Michelle Obama on the Capitol Hill protests: ‘I hurt for our country’. (DNC via Getty Images)

Michelle Obama has shared a statement in response to Wednesday’s pro-Trump riots held that resulted in violent mobs breaking into the Capitol Building in Washington, DC, and left four people dead.

"Like all of you, I’ve been feeling so many emotions since yesterday. I tried to put my thoughts down here," the former First Lady wrote on Twitter.

She began her statement saying that she'd woken up on 6 January feeling "elated" by the news of Reverend Raphael Warnock's Senate victory in Georgia after the state's runoff elections.

"In just a few hours, though, my heart had fallen harder and faster than I can remember," she said, referring to the hoards of right-wing protesters who forced the Capitol Building into a sudden lockdown.

Obama centered her statement around the muted response from law enforcement – a stark contrast to the violent pushback from police forces during last summer's largely peaceful Black Lives Matter protests.

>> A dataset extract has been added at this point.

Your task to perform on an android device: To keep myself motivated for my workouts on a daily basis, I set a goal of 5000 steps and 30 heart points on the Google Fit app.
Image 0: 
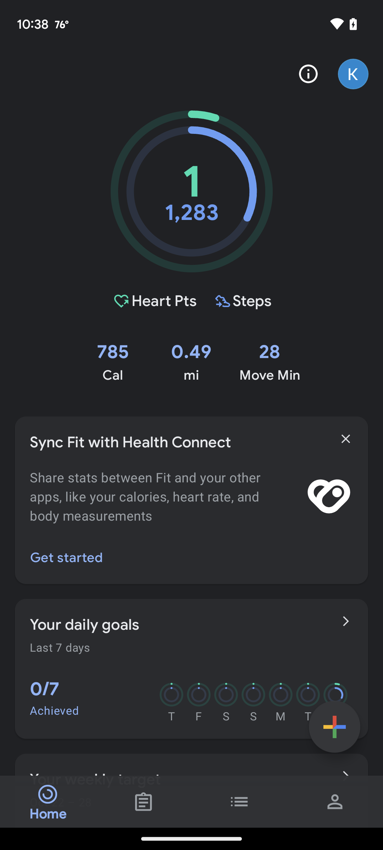
Click on the profile tab
Step 0: click (335, 801)
Image 1: 
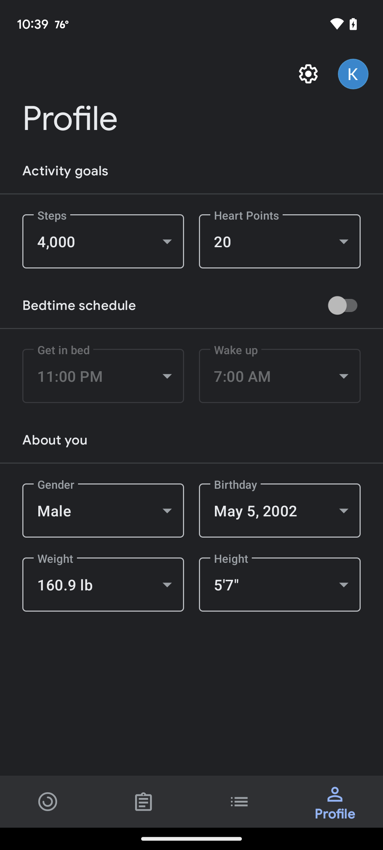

"This summer's Black Lives Matter protests were an overwhelmingly peaceful movement – our nation's largest demonstrations ever, bringing together people of every race and class and encouraging millions to re-examine their own assumptions and behavior," she said. "And yet, in city after city, we saw peaceful protesters met with brute force. We saw cracked skulls and mass arrests, law enforcement pepper spraying its way through a peaceful demonstration for a presidential photo op."

Further down, Obama called out the "gulf between the responses to yesterday's riot and this summer's peaceful protests".

"I cannot think about moving on or turning the page until we reckon with the reality of what we saw yesterday," she continued. "True progress will be possible only once we acknowledge that this disconnect exists and take steps to repair it."

Closing out her note, Obama had words of gratitude for Reverend Warnock, President-elect Joe Biden, and Vice President-elect Kamala Harris, who will have "the chance to lead us in a better direction".

Moving forward, she concluded, will "be an uncomfortable, sometimes painful process. But if we enter into it with an honest and unwavering love of our country, then maybe we can finally start to heal."